6. The method for extracting event oriented to company information text according to claim 1, wherein the step (3) of constructing and training a two-stage event extraction model of company name and event type comprises the following sub-steps:

(6.1) inputting the vectorized representation of the information text into a pre-training model BERT ₁ Obtaining a semantic representation of the information text;

(6.2) sequentially inputting a Linear function Linear and a normalized exponential function Softmax of a layer of semantic representation of the text to obtain a predicted probability value of whether characters in the information text are company name fields, and calculating a loss value in the process of fitting the company name fields by using a cross entropy function, namely, obtaining a trained company name prediction model after back propagation and parameter optimization;

(6.3) inputting the vectorized representation of the information text into the pre-training model BERT ₂ Obtaining a semantic representation of the information text;

(6.4) traversing the mask vector for each information text, screening the text using the mask vectoriName of middle companyjThe corresponding characterization vector is sequentially input into a pooling function Avgpool, a single-layer Linear function Linear and a logistic regression function Sigmoid to obtain the company namejIn textiAnd (3) calculating the Loss value in the process of predicting the event type by using a two-class cross entropy Loss function Loss, namely, carrying out back propagation and model parameter optimization to obtain a trained event type prediction model.

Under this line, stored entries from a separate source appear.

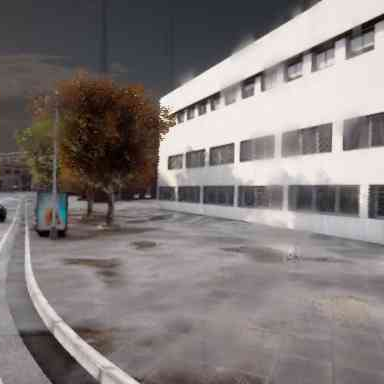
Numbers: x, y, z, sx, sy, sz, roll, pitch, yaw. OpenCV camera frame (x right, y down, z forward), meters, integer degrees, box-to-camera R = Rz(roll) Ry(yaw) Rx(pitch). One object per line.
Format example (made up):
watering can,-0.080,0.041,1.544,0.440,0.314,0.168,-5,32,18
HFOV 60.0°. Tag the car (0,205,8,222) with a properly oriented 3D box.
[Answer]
car,-18.900,1.967,31.859,1.882,1.535,5.008,2,-1,-27
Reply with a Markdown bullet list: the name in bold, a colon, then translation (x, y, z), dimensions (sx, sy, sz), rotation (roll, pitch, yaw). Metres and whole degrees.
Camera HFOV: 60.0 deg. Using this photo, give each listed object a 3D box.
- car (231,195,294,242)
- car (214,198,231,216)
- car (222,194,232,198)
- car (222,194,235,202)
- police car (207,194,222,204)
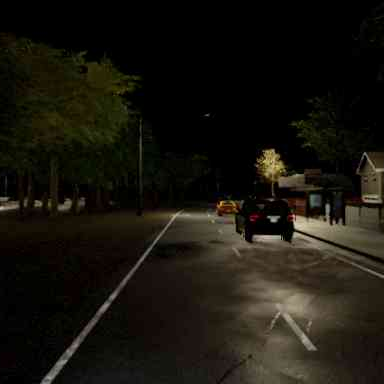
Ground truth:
- **car**: translation (3.602, 1.361, 17.344), dimensions (2.150, 2.045, 5.566), rotation (0, 0, 0)
- **car**: translation (3.683, 1.718, 35.454), dimensions (1.882, 1.535, 5.008), rotation (0, 0, 1)
- **car**: translation (7.813, 1.635, 84.584), dimensions (2.150, 2.045, 5.566), rotation (0, 0, 19)
- **car**: translation (9.908, 1.644, 90.177), dimensions (2.150, 2.045, 5.566), rotation (0, 0, 22)
- **police car**: translation (4.824, 1.821, 75.174), dimensions (1.930, 1.638, 5.238), rotation (0, 0, 16)
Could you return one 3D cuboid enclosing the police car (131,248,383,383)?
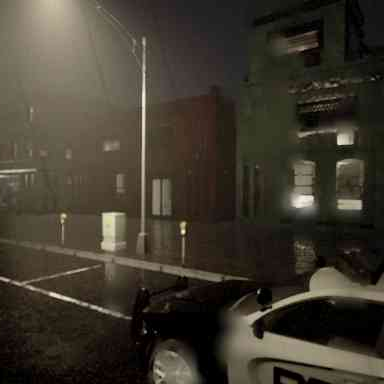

7. The method for extracting event oriented to company information text according to claim 1, wherein the step (3) uses a trained model to extract company names and corresponding event types, specifically: according to the two-stage event extraction model for constructing company name and event type and training to obtain the probability value of whether the character in the input information text is a company name field, and extracting the company name field in the input information text according to the probability value; masking the position of each company name in the information text by using the number 1 to generate a masking vector of each company name relative to the information text; according to a two-stage event extraction model for constructing company names and event types, obtaining probability distribution of different events occurring in information texts of each company name field in training, extracting event types occurring in each company name field in the input information texts according to the probability distribution, and if the event type occurring in a certain company name field is null, namely the probability of each category in the probability distribution is smaller than 0.5, selecting the event type with the largest probability value as the predicted event type.

8. The method for extracting event oriented to company information text according to claim 1, wherein the filtering and outputting the company name and the event type extracted by the model in the step (4) specifically comprises: judging whether the event type corresponding to the company name contains Out and None, if so, deleting the event type, if not, outputting the company name and the event type corresponding to the company name, and if so, deleting the company name and the event type corresponding to the company name.

9. A corporate information text oriented event extraction system comprising: the system comprises a text database module, a text preprocessing module, a text labeling module, a text modeling module and an output module;

and an output module: and the system is used for outputting the company name and event type extracted by the model.

10. A terminal device comprising a processor, a memory and a computer program stored in the memory and configured to be executed by the processor, the processor implementing the company information text oriented event extraction method according to any one of claims 1 to 8 when the computer program is executed.